«Умеешь ли ты свистеть, Йоханна?». У. Старк.
РАМТ.
Режиссер Александра Толстошева.
«Is there anybody going to listen to my story…» — любимая песня Ульфа, которая звучит темой персонажа в спектакле «Умеешь ли ты свистеть, Йоханна?». Она предполагает, что дальше последует история. Песня, давшая название самой книге и спектаклю, зрителю неизвестна, а поэтому не звучит. Зато можно услышать музыкальную тему «У Черного моря» в исполнении Утесова — она сопровождает жизнь пожилых людей. Музыкальный контрапункт в этом спектакле многое подсказывает.
Книга Ульфа Старка, шведского писателя, скончавшегося два года назад, читается буквально за 15 минут. Это история о двух мальчишках — самом рассказчике и его друге Берре, которые в поисках дедушки для второго из ребят попадают в дом престарелых; там они делают счастливыми последние дни случайно выбранного старика Нильса. Спектакль Саши Толстошевой в Белой комнате РАМТа идет час сорок. И дело не только в оценках и паузах.
Безымянные товарищи Нильса по месту действия получили возможность высказаться, у каждого — свой монолог. Артистам старшего поколения оказался необходим не вербатим, не сторителлинг, а хорошая отечественная литература. Татьяна Курьянова говорит словами «Про отца» Татьяны Толстой, Наталья Платонова присваивает прозу Марины Цветаевой «Мать и музыка», Владимир Василенко пользуется цитатами из «Зависти» Юрия Олеши, Андрей Сорокин в финале читает «Что говорил самолет» Людмилы Петрушевской.
Тем не менее, шведские мотивы и ассоциации в спектакле присутствуют. Старики пересматривают шведский фильм, снятый по той же повести и успевший уже стать в своем роде классическим, как и текст: мальчики с воздушными змеями бегут к горизонту. Только там детям действительно по 6 лет, спектакль же Толстошевой поставлен о подростках и для подростков, это смещает акценты, и это важно.
Георгий Гайдучик (Берра) и Владимир Зоммерфельд (Ульф) играют ребят в том возрасте, когда они еще катают шину, но уже курят, не таясь. Их герои смешливы, они в первую же минуту в гостях ломают старое пианино и, привычно-бессознательно перекидывая с себя ответственность за провинность, подсовывают отвалившуюся объемную деталь зрителям в первом ряду.
Старикам привычно вспоминать детство, подростки не думают о старости. И те, и другие существуют в разных ритмах, но у них сходное восприятие времени.
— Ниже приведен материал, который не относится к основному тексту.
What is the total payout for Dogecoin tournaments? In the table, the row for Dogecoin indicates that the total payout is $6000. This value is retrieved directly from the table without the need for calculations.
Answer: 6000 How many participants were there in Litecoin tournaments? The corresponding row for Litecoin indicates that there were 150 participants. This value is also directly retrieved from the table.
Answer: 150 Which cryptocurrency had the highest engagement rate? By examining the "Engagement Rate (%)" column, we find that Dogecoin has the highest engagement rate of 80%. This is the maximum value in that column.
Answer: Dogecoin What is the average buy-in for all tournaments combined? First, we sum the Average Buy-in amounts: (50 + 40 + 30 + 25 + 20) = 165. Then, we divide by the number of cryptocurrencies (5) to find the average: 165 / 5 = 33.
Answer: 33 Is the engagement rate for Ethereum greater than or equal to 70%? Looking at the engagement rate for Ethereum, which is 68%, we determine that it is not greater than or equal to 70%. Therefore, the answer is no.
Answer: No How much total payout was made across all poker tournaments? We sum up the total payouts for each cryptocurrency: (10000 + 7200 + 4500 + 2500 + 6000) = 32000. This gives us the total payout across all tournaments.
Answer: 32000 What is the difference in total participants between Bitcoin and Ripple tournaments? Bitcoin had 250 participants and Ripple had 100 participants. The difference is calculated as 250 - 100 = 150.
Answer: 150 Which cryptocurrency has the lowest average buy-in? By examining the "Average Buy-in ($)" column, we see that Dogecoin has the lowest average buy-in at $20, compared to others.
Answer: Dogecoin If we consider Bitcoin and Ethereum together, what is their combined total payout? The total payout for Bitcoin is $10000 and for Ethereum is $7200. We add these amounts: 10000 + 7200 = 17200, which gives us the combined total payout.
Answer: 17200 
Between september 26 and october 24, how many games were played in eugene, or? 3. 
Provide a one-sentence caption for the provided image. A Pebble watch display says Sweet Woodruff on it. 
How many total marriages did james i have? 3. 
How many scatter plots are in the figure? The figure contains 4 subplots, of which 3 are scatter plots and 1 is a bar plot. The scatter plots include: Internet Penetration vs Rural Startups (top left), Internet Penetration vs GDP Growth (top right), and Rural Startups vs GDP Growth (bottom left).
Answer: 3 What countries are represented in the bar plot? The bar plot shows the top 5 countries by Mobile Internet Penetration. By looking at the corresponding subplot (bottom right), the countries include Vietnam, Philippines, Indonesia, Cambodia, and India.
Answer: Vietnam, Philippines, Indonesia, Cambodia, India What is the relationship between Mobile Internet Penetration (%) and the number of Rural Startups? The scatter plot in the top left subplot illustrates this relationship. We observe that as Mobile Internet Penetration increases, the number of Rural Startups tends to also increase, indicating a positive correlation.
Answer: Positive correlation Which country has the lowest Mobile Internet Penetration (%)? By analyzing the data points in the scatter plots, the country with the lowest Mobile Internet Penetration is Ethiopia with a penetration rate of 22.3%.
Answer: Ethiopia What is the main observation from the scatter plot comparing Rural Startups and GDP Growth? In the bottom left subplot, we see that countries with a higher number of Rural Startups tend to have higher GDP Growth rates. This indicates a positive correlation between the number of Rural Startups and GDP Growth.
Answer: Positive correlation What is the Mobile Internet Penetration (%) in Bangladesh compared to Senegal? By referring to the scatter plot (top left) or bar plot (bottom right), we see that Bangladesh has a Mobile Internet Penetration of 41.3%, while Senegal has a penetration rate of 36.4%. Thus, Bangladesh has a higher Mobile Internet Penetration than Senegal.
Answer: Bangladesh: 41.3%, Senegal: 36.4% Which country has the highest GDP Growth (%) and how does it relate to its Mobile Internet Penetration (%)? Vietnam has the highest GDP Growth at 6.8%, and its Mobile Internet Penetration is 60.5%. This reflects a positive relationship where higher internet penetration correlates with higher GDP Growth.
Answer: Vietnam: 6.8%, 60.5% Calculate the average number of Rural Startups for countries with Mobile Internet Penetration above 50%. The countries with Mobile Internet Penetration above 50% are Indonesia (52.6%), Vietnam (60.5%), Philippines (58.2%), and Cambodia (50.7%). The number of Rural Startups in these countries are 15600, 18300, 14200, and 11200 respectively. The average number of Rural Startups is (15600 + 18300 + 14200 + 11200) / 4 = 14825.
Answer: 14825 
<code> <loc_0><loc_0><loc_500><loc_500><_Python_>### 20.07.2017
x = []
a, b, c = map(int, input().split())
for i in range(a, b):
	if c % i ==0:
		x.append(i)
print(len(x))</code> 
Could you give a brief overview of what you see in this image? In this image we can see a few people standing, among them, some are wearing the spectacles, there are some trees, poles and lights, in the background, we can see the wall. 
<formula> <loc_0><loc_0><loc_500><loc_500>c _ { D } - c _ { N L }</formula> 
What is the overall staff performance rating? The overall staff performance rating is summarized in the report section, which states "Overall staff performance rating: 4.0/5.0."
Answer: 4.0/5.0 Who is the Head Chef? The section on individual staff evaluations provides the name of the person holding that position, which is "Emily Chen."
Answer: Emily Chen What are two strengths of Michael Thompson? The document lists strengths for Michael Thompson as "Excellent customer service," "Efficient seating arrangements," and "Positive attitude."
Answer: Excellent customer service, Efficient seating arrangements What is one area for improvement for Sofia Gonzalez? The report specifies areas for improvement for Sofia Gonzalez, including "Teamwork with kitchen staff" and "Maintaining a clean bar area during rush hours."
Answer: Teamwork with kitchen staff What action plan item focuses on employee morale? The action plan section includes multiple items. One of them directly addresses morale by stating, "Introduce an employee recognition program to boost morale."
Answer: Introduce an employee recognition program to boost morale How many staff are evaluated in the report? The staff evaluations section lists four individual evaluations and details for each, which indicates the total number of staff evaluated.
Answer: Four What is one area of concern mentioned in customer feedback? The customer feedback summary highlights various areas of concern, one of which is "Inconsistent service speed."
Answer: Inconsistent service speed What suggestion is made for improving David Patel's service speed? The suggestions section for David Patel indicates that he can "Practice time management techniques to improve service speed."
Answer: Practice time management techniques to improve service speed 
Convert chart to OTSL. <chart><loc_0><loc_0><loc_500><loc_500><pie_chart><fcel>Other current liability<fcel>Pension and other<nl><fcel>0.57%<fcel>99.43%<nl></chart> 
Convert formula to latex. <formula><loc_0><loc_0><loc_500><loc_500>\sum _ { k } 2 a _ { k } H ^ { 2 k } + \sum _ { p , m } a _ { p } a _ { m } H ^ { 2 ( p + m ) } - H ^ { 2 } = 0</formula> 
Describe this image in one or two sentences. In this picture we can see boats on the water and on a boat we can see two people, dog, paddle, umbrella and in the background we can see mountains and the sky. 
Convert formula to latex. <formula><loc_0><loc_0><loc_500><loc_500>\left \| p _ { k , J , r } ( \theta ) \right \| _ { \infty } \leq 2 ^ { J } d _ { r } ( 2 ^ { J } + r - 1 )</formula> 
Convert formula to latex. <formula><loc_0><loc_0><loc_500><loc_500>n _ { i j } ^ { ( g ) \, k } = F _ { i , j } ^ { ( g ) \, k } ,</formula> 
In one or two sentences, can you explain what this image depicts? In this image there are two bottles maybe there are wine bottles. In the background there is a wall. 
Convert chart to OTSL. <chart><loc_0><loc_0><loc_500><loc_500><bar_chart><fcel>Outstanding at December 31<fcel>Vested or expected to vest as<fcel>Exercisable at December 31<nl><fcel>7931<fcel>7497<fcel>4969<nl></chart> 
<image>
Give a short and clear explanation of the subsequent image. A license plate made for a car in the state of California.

Годы пролетают, зато каждый день тянется долго: есть время утомиться за игрой в катание обычной шины, есть время церемонно размешивать недетскую порцию сахара в чашке чая — зависит от возрастных потребностей организма. И стар, и млад могут подтрунивать над смертью, называя вещи своими именами. Нильс, пугая юных друзей, притворяется во время прогулки умершим. Парни прячутся в деревянный ящик, похожий формой на гроб.
При этом зритель маленькой Белой комнаты с низким потолком должен помнить, что это не персонажи заигрались на чердаке, а артисты на сцене. Молодые рассказчики постоянно шутят и шалят: например, Гайдучик сетует на неудачное распределение ролей, потому что не умеет свистеть, а Зоммерфельд спокойно доверят зрителям посторожить ведро с ягодами, потому что это просто реквизит. Их партнер Юрий Григорьев играет Нильса одновременно сентиментально и гротескно. Его чердак наполнен многочисленными галстуками-воспоминаниями, каждый из которых свидетельствует о той или иной минуте жизни, когда эта деталь одежды была подарена или надета. После смерти «дедушки» ребята, выбиваясь из сил, разбрасывают их по полу, чтобы самим спрятаться в деревянном коробе.
«И все время, пока мальчик ехал, он видел, как летчик в своей стеклянной кабине сидит и о чем-то думает», — заканчивает свой рассказ один немолодой мужчина другому — и оба уходят. Подростки вылезают из ящика, оценивая историю как длинную, и снова, и снова, и снова играют в свою шину, катают ее по полу друг к другу. История о самолете и правда выглядит на сцене затянутой. В паре немолодых людей предлагается увидеть будущих Ульфа и Берру. Но это только вариант, Толстошева не настаивает.